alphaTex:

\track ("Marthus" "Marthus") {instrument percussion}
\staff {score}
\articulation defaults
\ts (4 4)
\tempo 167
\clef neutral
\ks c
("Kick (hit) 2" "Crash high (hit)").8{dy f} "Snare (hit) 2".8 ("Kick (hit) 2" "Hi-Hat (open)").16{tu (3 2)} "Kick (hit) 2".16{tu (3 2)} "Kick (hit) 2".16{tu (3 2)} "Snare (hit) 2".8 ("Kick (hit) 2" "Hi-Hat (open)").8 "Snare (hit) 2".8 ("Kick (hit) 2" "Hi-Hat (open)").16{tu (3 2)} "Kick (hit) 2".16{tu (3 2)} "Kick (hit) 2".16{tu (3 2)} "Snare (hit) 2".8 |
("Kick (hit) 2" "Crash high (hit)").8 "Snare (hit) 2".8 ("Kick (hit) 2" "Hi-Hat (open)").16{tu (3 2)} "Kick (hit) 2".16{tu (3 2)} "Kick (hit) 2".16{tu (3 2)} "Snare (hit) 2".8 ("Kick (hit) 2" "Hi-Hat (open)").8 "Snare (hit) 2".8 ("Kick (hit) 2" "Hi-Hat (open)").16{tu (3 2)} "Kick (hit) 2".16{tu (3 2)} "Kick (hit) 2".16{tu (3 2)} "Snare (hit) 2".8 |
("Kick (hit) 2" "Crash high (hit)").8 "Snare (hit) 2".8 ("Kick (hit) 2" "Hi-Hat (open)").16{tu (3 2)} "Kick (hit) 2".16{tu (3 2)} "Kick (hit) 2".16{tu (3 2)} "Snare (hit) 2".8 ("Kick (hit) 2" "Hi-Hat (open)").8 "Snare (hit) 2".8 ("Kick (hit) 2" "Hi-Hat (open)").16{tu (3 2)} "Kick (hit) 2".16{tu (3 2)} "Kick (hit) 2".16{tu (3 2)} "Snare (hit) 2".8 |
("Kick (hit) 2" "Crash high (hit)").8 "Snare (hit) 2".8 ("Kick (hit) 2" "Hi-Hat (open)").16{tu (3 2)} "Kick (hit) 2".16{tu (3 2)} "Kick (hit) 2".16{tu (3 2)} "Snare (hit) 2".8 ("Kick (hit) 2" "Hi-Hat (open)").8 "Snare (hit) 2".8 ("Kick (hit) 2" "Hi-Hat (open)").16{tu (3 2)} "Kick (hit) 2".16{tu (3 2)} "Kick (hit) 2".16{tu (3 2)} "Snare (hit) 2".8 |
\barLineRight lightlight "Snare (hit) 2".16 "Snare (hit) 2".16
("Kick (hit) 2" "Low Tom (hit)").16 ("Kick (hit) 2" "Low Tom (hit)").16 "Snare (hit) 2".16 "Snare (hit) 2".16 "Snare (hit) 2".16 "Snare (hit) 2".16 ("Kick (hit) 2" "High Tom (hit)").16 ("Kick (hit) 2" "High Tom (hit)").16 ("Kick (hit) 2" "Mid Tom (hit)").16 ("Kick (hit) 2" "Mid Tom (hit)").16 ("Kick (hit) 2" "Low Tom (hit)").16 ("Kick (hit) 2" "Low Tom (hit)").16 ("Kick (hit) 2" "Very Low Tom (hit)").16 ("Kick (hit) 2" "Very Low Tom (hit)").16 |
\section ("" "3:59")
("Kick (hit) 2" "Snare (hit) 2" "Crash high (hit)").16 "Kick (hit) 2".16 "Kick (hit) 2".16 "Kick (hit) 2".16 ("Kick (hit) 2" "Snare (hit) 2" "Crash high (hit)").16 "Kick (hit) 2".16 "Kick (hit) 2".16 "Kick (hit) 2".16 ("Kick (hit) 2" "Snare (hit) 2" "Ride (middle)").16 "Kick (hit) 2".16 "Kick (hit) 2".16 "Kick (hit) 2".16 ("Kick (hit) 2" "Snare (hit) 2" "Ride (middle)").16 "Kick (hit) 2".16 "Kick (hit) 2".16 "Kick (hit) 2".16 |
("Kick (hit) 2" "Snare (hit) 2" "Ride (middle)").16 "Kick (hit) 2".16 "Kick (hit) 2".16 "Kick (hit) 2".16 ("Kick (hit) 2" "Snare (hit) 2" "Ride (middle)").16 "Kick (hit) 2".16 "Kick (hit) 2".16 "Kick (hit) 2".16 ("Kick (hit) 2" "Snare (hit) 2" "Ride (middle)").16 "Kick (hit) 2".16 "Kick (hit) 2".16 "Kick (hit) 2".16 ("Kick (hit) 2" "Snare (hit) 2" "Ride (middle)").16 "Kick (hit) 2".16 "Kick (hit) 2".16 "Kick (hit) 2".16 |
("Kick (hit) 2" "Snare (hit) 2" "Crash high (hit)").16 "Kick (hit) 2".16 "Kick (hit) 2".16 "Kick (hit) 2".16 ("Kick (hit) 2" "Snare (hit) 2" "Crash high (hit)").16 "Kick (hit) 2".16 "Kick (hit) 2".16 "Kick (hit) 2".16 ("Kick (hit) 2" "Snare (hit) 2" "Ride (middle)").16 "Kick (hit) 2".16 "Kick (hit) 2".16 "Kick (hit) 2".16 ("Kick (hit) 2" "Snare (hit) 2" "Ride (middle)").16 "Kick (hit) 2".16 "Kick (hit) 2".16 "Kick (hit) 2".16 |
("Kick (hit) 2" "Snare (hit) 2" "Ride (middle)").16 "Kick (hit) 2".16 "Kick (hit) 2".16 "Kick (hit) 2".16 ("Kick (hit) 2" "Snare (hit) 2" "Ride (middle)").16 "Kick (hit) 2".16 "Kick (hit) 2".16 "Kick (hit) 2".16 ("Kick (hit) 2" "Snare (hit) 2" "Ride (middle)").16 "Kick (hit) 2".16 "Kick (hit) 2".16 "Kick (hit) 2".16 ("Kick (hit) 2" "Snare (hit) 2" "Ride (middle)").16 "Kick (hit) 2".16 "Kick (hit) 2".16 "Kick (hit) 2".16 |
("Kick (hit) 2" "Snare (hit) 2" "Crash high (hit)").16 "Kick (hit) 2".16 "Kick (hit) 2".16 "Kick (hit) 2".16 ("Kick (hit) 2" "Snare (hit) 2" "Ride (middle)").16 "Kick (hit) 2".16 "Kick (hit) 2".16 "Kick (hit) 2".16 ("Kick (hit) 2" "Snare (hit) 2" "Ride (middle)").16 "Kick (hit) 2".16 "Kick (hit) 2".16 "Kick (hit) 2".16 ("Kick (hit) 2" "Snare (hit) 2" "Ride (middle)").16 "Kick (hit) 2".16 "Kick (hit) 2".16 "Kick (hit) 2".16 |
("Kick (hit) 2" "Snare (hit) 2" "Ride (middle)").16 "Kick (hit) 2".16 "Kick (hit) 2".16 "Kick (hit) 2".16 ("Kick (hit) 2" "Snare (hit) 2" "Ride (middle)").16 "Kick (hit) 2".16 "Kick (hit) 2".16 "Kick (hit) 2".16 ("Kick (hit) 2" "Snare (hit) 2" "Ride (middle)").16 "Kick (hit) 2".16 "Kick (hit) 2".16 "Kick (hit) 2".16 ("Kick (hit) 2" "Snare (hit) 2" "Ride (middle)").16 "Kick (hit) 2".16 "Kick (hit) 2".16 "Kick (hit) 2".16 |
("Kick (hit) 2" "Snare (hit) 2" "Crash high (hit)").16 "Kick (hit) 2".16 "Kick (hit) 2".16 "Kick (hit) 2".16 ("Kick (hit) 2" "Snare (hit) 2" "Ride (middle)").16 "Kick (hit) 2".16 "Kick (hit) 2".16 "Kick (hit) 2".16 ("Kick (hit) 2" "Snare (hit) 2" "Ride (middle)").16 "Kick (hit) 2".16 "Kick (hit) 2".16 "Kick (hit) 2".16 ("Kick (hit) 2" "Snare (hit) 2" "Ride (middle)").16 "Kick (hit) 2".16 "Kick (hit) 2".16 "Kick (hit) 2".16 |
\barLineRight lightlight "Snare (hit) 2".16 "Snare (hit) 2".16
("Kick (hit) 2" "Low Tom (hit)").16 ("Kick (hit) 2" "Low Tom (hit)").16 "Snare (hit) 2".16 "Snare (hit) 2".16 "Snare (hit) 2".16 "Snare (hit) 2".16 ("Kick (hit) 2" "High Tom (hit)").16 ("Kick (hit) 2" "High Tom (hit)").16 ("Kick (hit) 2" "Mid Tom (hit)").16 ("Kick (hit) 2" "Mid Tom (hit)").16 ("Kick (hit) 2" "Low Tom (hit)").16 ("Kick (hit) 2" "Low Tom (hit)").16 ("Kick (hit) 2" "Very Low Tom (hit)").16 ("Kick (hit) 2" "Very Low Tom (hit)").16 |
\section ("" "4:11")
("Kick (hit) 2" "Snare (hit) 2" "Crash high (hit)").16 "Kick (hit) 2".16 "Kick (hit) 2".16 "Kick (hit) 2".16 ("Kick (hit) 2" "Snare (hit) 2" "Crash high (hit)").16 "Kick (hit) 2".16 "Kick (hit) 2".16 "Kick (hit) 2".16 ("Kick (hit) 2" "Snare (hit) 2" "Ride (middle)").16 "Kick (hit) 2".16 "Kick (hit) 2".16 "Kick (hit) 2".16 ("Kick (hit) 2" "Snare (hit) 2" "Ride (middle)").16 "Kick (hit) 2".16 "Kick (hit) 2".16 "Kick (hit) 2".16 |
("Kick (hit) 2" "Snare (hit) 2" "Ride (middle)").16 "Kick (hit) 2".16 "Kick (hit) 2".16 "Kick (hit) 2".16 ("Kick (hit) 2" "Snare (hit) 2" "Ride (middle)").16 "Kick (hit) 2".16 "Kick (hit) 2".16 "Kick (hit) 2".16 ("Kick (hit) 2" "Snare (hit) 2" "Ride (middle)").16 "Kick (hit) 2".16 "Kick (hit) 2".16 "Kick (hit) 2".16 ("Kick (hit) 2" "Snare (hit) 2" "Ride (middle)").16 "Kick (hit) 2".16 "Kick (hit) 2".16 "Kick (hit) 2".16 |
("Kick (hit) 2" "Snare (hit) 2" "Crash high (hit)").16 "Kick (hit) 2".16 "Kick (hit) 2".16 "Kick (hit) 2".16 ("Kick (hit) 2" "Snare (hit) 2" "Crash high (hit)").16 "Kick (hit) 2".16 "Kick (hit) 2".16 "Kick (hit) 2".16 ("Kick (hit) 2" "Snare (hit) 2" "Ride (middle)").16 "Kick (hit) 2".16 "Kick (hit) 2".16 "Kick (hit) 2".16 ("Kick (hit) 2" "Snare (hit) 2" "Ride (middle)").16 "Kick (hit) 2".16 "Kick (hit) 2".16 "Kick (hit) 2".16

* * *

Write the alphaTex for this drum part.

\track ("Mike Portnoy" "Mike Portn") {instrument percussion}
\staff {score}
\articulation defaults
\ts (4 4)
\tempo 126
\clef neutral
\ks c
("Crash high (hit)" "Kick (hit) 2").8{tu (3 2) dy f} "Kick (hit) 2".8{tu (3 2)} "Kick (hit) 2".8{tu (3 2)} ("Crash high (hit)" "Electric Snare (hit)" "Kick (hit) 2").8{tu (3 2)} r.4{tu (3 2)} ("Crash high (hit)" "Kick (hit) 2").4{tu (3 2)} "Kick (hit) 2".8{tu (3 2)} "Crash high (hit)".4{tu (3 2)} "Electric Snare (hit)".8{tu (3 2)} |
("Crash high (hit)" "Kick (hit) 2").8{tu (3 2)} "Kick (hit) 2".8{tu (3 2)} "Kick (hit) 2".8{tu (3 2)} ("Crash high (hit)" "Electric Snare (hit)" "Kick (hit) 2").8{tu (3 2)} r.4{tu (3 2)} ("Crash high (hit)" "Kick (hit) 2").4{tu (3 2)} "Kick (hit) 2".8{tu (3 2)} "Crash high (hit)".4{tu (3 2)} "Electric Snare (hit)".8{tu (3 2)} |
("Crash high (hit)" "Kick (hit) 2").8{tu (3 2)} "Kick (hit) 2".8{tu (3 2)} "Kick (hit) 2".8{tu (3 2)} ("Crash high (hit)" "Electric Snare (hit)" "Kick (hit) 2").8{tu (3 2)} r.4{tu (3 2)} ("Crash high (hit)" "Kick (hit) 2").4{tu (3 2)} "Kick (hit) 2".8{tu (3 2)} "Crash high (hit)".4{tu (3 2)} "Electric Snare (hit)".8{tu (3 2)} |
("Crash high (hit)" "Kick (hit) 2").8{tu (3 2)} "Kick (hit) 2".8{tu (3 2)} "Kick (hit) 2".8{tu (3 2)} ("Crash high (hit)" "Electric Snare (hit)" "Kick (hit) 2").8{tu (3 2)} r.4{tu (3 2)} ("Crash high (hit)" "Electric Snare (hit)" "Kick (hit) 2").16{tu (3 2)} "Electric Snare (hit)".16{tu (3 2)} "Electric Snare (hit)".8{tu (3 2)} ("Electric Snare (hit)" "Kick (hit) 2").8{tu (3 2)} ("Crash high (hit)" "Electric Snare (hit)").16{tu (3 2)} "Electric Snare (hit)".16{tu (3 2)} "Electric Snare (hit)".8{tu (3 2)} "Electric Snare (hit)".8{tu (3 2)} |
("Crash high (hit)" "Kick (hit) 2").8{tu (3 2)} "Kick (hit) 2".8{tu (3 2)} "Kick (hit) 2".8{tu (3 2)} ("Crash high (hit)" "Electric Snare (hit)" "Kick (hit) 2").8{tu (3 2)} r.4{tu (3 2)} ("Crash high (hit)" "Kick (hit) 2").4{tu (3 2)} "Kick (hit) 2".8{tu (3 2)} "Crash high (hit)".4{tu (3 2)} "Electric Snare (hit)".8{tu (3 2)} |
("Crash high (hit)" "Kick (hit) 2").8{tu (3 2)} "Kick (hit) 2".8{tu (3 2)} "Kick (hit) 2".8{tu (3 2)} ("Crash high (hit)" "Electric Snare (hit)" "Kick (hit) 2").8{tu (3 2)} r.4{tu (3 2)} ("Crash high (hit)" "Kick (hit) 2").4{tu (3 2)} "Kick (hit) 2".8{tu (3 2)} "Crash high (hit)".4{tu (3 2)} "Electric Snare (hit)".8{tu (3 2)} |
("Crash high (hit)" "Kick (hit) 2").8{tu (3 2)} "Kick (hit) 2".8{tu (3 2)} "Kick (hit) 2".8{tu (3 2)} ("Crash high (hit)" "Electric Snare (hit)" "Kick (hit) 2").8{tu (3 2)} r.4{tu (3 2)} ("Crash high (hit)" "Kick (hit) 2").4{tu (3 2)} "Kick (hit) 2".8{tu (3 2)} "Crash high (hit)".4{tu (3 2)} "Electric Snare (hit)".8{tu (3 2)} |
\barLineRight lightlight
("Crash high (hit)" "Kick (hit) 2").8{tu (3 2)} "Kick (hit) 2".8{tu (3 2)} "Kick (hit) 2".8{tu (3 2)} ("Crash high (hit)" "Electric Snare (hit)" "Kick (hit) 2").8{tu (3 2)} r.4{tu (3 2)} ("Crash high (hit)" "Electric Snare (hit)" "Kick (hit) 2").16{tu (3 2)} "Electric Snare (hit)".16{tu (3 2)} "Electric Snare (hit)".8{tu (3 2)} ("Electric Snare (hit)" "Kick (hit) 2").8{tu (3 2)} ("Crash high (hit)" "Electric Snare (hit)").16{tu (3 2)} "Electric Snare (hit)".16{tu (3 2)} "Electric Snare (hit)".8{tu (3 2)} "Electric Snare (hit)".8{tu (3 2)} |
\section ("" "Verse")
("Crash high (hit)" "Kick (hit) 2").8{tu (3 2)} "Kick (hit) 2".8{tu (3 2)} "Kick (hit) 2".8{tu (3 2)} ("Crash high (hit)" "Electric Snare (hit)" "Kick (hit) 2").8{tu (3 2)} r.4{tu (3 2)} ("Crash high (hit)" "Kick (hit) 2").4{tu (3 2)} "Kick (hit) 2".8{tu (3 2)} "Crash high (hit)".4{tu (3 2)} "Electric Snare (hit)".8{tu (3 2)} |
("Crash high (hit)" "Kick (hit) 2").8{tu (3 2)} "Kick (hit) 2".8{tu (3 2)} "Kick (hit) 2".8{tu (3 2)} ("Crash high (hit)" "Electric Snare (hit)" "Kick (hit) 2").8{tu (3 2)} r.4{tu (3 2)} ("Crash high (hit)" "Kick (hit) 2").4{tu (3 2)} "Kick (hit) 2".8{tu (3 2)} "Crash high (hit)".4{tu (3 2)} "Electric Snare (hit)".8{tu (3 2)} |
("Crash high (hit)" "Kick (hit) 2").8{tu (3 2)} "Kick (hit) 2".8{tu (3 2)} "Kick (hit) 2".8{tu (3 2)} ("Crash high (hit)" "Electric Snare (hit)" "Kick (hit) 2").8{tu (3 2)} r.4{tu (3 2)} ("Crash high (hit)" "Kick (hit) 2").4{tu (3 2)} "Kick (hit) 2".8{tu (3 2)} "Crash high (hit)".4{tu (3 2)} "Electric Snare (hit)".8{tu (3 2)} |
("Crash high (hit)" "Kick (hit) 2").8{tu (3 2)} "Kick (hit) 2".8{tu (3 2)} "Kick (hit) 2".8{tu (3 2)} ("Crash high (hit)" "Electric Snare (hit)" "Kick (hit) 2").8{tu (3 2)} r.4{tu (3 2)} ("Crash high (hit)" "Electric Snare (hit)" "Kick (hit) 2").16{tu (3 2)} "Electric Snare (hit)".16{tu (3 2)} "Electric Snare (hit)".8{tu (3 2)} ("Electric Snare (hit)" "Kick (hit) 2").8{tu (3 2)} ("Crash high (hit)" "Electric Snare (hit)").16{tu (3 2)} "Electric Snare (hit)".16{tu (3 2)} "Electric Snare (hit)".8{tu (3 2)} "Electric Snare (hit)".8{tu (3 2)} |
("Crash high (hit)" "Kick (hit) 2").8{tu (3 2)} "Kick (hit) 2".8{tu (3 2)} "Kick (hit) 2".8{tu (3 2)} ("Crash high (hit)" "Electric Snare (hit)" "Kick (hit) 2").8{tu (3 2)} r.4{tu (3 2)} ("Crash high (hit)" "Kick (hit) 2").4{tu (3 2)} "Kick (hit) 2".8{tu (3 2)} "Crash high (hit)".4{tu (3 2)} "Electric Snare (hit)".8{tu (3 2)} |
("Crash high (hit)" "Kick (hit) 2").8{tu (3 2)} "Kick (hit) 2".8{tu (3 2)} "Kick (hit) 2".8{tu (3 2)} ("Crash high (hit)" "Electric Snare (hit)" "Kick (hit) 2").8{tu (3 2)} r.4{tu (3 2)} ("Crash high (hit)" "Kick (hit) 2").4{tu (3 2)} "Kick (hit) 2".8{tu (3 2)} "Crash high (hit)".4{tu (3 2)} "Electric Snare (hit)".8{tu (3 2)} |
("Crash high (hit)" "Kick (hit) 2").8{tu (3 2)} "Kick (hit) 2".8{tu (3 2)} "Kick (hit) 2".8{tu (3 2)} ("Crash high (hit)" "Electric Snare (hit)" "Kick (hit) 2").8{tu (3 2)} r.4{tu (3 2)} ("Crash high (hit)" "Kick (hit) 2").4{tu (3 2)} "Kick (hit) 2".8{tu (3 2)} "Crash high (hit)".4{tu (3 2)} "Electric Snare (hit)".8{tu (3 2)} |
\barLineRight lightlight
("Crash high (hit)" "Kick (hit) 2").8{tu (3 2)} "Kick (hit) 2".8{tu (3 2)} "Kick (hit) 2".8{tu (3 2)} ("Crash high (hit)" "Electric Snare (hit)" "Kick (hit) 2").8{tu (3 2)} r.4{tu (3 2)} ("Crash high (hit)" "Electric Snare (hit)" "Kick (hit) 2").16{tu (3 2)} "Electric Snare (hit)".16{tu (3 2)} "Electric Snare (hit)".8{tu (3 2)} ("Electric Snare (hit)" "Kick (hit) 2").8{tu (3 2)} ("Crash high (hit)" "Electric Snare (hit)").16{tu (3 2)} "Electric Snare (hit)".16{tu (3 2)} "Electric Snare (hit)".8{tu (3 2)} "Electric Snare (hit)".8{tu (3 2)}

==

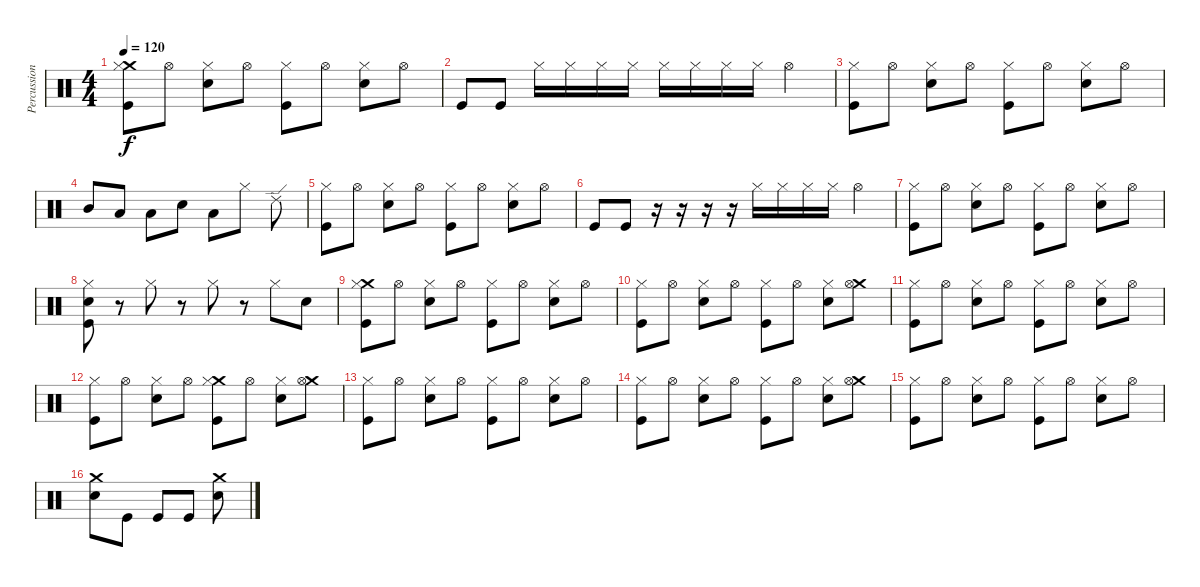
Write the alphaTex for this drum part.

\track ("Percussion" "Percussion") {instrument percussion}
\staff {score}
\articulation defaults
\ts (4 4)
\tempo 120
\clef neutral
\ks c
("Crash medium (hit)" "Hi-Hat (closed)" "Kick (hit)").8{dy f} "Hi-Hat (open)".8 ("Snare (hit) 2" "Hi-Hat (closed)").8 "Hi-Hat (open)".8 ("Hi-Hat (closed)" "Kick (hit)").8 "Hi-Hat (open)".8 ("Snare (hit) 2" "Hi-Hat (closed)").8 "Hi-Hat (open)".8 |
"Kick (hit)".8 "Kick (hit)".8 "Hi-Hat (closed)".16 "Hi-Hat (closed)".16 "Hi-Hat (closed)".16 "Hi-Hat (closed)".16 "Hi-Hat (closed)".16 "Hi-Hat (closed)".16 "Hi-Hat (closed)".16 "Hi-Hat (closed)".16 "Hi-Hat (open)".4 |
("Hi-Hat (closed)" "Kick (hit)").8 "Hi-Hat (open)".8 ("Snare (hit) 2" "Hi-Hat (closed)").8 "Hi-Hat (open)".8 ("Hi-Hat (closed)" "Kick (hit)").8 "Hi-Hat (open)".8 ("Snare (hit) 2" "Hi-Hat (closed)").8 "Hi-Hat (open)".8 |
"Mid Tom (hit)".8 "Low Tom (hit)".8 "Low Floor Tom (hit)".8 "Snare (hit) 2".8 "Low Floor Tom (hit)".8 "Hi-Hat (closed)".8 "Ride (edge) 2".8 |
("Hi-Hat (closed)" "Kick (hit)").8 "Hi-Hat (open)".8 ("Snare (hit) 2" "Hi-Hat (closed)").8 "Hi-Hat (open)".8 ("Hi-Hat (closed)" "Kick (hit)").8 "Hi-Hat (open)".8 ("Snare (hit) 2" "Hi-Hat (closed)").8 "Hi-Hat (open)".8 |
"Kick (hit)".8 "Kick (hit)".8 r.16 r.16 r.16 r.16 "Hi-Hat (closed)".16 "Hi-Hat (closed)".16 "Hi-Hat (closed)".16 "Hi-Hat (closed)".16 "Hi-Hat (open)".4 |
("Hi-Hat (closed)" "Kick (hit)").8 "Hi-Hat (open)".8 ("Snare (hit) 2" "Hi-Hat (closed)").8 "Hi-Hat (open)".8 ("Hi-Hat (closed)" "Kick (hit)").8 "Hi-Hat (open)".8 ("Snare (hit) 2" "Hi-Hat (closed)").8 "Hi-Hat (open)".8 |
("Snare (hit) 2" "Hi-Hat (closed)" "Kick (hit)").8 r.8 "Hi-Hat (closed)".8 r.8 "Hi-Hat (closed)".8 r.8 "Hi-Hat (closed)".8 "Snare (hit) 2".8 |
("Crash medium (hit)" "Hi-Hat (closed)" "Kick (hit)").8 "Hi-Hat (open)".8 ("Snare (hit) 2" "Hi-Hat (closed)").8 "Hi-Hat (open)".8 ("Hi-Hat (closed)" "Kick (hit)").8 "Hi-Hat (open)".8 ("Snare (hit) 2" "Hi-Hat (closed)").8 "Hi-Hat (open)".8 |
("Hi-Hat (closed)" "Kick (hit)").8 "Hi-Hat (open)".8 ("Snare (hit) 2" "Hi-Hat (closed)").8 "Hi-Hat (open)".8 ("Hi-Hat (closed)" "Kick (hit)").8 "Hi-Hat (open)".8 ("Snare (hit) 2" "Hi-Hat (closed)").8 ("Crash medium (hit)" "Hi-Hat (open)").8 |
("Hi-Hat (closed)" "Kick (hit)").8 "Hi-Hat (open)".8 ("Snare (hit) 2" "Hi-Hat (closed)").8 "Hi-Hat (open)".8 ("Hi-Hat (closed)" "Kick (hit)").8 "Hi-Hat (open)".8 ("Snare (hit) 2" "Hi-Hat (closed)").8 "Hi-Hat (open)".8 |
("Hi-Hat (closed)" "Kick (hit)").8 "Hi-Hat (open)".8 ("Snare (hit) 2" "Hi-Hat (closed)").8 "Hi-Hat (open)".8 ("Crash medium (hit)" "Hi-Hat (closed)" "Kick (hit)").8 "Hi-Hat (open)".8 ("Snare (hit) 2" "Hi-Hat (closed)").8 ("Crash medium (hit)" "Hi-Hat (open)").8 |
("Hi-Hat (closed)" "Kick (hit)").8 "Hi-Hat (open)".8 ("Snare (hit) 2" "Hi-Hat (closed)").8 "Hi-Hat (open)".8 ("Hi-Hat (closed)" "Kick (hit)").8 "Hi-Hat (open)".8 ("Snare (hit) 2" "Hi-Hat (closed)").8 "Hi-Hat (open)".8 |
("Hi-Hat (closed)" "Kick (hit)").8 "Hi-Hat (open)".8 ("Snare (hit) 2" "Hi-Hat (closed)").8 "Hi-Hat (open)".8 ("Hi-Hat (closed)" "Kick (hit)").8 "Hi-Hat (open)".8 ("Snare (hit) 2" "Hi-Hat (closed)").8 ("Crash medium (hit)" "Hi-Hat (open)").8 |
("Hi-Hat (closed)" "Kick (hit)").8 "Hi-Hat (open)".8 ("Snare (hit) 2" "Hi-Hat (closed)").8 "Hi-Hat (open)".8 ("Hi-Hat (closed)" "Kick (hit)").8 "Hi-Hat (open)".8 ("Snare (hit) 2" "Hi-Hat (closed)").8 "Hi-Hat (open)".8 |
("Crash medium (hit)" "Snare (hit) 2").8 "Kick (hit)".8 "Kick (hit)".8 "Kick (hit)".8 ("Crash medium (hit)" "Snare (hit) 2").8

▸ The problem: Please show the lines in the entries above that hold the string "track".

▸ Response to this task:
\track ("Marthus" "Marthus") {instrument percussion}
\track ("Mike Portnoy" "Mike Portn") {instrument percussion}
\track ("Percussion" "Percussion") {instrument percussion}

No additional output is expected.